A good example is the procedure of approval for publicly disclosed information. Due to the sensitive nature of the subject matter and the significant implications of the research results, each stakeholder of the DSSG project needs to approve any information meant to be publicly disclosed. For instance, this blog post requires an email approval from all three counties’ data experts, a representative from Building Changes, and the co-leaders of the Work Group from the foundation and Building Changes. It makes for a long process, but it is absolutely vital to the integrity of the project.

When it comes to presenting analysis results to a public audience, this procedural formality is necessary to ensure that all stakeholders know exactly what is being disclosed about their data. On one occasion, miscommunication between the DSSG team, the eScience Institute, and the Work Group on the content of a mid-way presentation prevented the project from being highlighted in a newspaper article. A lesson learned is that in order to present valuable and relevant information to the public, the DSSG team must give the stakeholders ample time to understand and approve such information.

###Involve them in the design of the project

Needless to say, the best kind of multi-stakeholder collaboration happens when researchers involve the stakeholders as much as they can in the project. At every in-person meeting with the stakeholders, the DSSG student interns present their research strategies and the assumptions made for each strategy. In this way, the stakeholders are continuously reassured of the following: The student interns are using the data to answer questions the data can answer. The student interns understand the points of view of these stakeholders.
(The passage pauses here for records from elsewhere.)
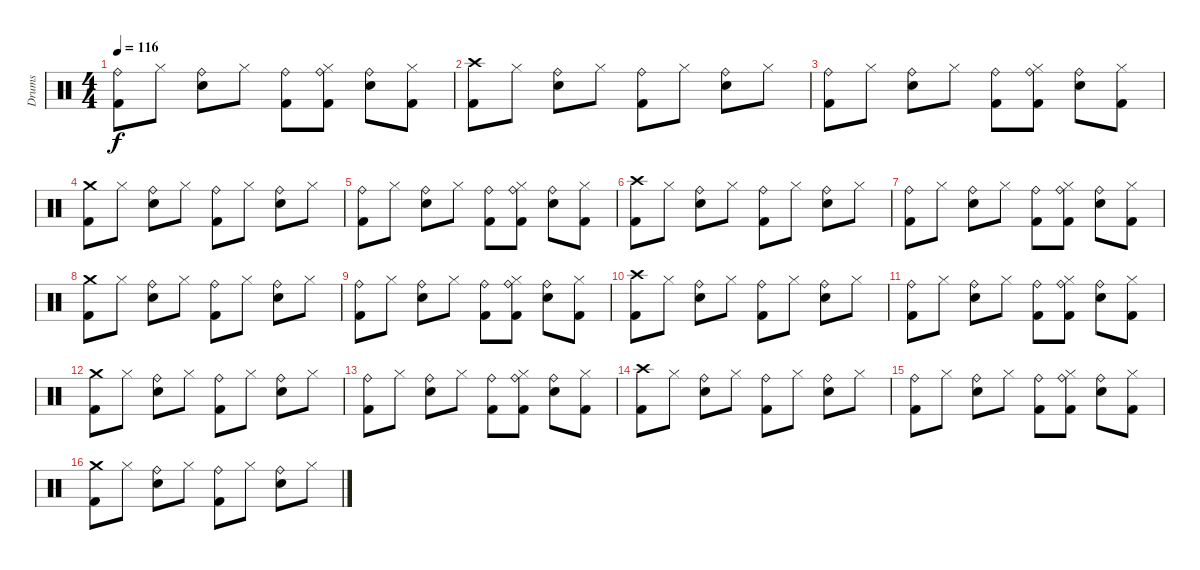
\track ("Drums" "Drums") {instrument percussion}
\staff {score}
\articulation defaults
\ts (4 4)
\tempo 116
\clef neutral
\ks c
("Kick (hit) 2" "Ride (bell)").8{dy f} "Hi-Hat (closed)".8 ("Snare (hit) 2" "Ride (bell)").8 "Hi-Hat (closed)".8 ("Kick (hit) 2" "Ride (bell)").8 ("Kick (hit) 2" "Hi-Hat (closed)" "Ride (bell)").8 ("Snare (hit) 2" "Ride (bell)").8 ("Kick (hit) 2" "Hi-Hat (closed)").8 |
("Kick (hit) 2" "Crash high (hit)").8 "Hi-Hat (closed)".8 ("Snare (hit) 2" "Ride (bell)").8 "Hi-Hat (closed)".8 ("Kick (hit) 2" "Ride (bell)").8 "Hi-Hat (closed)".8 ("Snare (hit) 2" "Ride (bell)").8 "Hi-Hat (closed)".8 |
("Kick (hit) 2" "Ride (bell)").8 "Hi-Hat (closed)".8 ("Snare (hit) 2" "Ride (bell)").8 "Hi-Hat (closed)".8 ("Kick (hit) 2" "Ride (bell)").8 ("Kick (hit) 2" "Hi-Hat (closed)" "Ride (bell)").8 ("Snare (hit) 2" "Ride (bell)").8 ("Kick (hit) 2" "Hi-Hat (closed)").8 |
("Kick (hit) 2" "Crash medium (hit)").8 "Hi-Hat (closed)".8 ("Snare (hit) 2" "Ride (bell)").8 "Hi-Hat (closed)".8 ("Kick (hit) 2" "Ride (bell)").8 "Hi-Hat (closed)".8 ("Snare (hit) 2" "Ride (bell)").8 "Hi-Hat (closed)".8 |
("Kick (hit) 2" "Ride (bell)").8 "Hi-Hat (closed)".8 ("Snare (hit) 2" "Ride (bell)").8 "Hi-Hat (closed)".8 ("Kick (hit) 2" "Ride (bell)").8 ("Kick (hit) 2" "Hi-Hat (closed)" "Ride (bell)").8 ("Snare (hit) 2" "Ride (bell)").8 ("Kick (hit) 2" "Hi-Hat (closed)").8 |
("Kick (hit) 2" "Crash high (hit)").8 "Hi-Hat (closed)".8 ("Snare (hit) 2" "Ride (bell)").8 "Hi-Hat (closed)".8 ("Kick (hit) 2" "Ride (bell)").8 "Hi-Hat (closed)".8 ("Snare (hit) 2" "Ride (bell)").8 "Hi-Hat (closed)".8 |
("Kick (hit) 2" "Ride (bell)").8 "Hi-Hat (closed)".8 ("Snare (hit) 2" "Ride (bell)").8 "Hi-Hat (closed)".8 ("Kick (hit) 2" "Ride (bell)").8 ("Kick (hit) 2" "Hi-Hat (closed)" "Ride (bell)").8 ("Snare (hit) 2" "Ride (bell)").8 ("Kick (hit) 2" "Hi-Hat (closed)").8 |
("Kick (hit) 2" "Crash medium (hit)").8 "Hi-Hat (closed)".8 ("Snare (hit) 2" "Ride (bell)").8 "Hi-Hat (closed)".8 ("Kick (hit) 2" "Ride (bell)").8 "Hi-Hat (closed)".8 ("Snare (hit) 2" "Ride (bell)").8 "Hi-Hat (closed)".8 |
("Kick (hit) 2" "Ride (bell)").8 "Hi-Hat (closed)".8 ("Snare (hit) 2" "Ride (bell)").8 "Hi-Hat (closed)".8 ("Kick (hit) 2" "Ride (bell)").8 ("Kick (hit) 2" "Hi-Hat (closed)" "Ride (bell)").8 ("Snare (hit) 2" "Ride (bell)").8 ("Kick (hit) 2" "Hi-Hat (closed)").8 |
("Kick (hit) 2" "Crash high (hit)").8 "Hi-Hat (closed)".8 ("Snare (hit) 2" "Ride (bell)").8 "Hi-Hat (closed)".8 ("Kick (hit) 2" "Ride (bell)").8 "Hi-Hat (closed)".8 ("Snare (hit) 2" "Ride (bell)").8 "Hi-Hat (closed)".8 |
("Kick (hit) 2" "Ride (bell)").8 "Hi-Hat (closed)".8 ("Snare (hit) 2" "Ride (bell)").8 "Hi-Hat (closed)".8 ("Kick (hit) 2" "Ride (bell)").8 ("Kick (hit) 2" "Hi-Hat (closed)" "Ride (bell)").8 ("Snare (hit) 2" "Ride (bell)").8 ("Kick (hit) 2" "Hi-Hat (closed)").8 |
("Kick (hit) 2" "Crash medium (hit)").8 "Hi-Hat (closed)".8 ("Snare (hit) 2" "Ride (bell)").8 "Hi-Hat (closed)".8 ("Kick (hit) 2" "Ride (bell)").8 "Hi-Hat (closed)".8 ("Snare (hit) 2" "Ride (bell)").8 "Hi-Hat (closed)".8 |
("Kick (hit) 2" "Ride (bell)").8 "Hi-Hat (closed)".8 ("Snare (hit) 2" "Ride (bell)").8 "Hi-Hat (closed)".8 ("Kick (hit) 2" "Ride (bell)").8 ("Kick (hit) 2" "Hi-Hat (closed)" "Ride (bell)").8 ("Snare (hit) 2" "Ride (bell)").8 ("Kick (hit) 2" "Hi-Hat (closed)").8 |
("Kick (hit) 2" "Crash high (hit)").8 "Hi-Hat (closed)".8 ("Snare (hit) 2" "Ride (bell)").8 "Hi-Hat (closed)".8 ("Kick (hit) 2" "Ride (bell)").8 "Hi-Hat (closed)".8 ("Snare (hit) 2" "Ride (bell)").8 "Hi-Hat (closed)".8 |
("Kick (hit) 2" "Ride (bell)").8 "Hi-Hat (closed)".8 ("Snare (hit) 2" "Ride (bell)").8 "Hi-Hat (closed)".8 ("Kick (hit) 2" "Ride (bell)").8 ("Kick (hit) 2" "Hi-Hat (closed)" "Ride (bell)").8 ("Snare (hit) 2" "Ride (bell)").8 ("Kick (hit) 2" "Hi-Hat (closed)").8 |
("Kick (hit) 2" "Crash medium (hit)").8{volume 9} "Hi-Hat (closed)".8 ("Snare (hit) 2" "Ride (bell)").8 "Hi-Hat (closed)".8 ("Kick (hit) 2" "Ride (bell)").8 "Hi-Hat (closed)".8 ("Snare (hit) 2" "Ride (bell)").8 "Hi-Hat (closed)".8

The student interns understand the complexity and limitations of the data.

For example, the data used for this research project consist of families that enter the HMIS-participating homeless housing system during a set time frame. However, not all families who become homeless seek or receive services from this homeless housing system; and homeless housing services that are not publicly funded do not always participate in HMIS. The DSSG student interns understand that the data cannot be used to make inferences about the factors associated with any family becoming homeless, but the data can help understand the factors associated with a HMIS-included homeless family successfully “exiting homelessness” by getting permanent housing.

Although the unit of analysis for the bulk of the project is a family, the definition of families is not clearly presented in the de-identified data. The definition used by the DSSG team, as explained in Chris’s blog post, is the product of an in-person consultation with the stakeholders.

The same goes with defining an “episode” of homelessness for a family. The same family could be enrolled multiple times into different homeless programs. For example, some families enroll into an emergency shelter before enrolling into another housing program. The DSSG team decided—with stakeholder approval—that if the enrollments are close together, then they would be one episode.

Last but not least, any contextual information, assumptions, and potential biases will be clearly stated along with analysis results. In this way, the stakeholders can be well-informed and feel comfortable with making policy decisions that are actually based on the scientifically sound research of the DSSG team. For instance, the data experts will hopefully be able share the analysis with their county leadership, who can subsequently work with service providers, housing program staff, and other relevant stakeholders to improve services for homeless families.


To conclude, multi-stakeholder collaboration surely renders some difficulties of coordination and communication. However, as Innes & Booher, 2014 assert, “collaboration is about conflict … as efforts to overcome it can lead to a range of new options and outcomes that were not previously foreseen” (p.9). As a DSSG intern, I firmly believe that any dialogues with the stakeholders make this research more meaningful and impactful.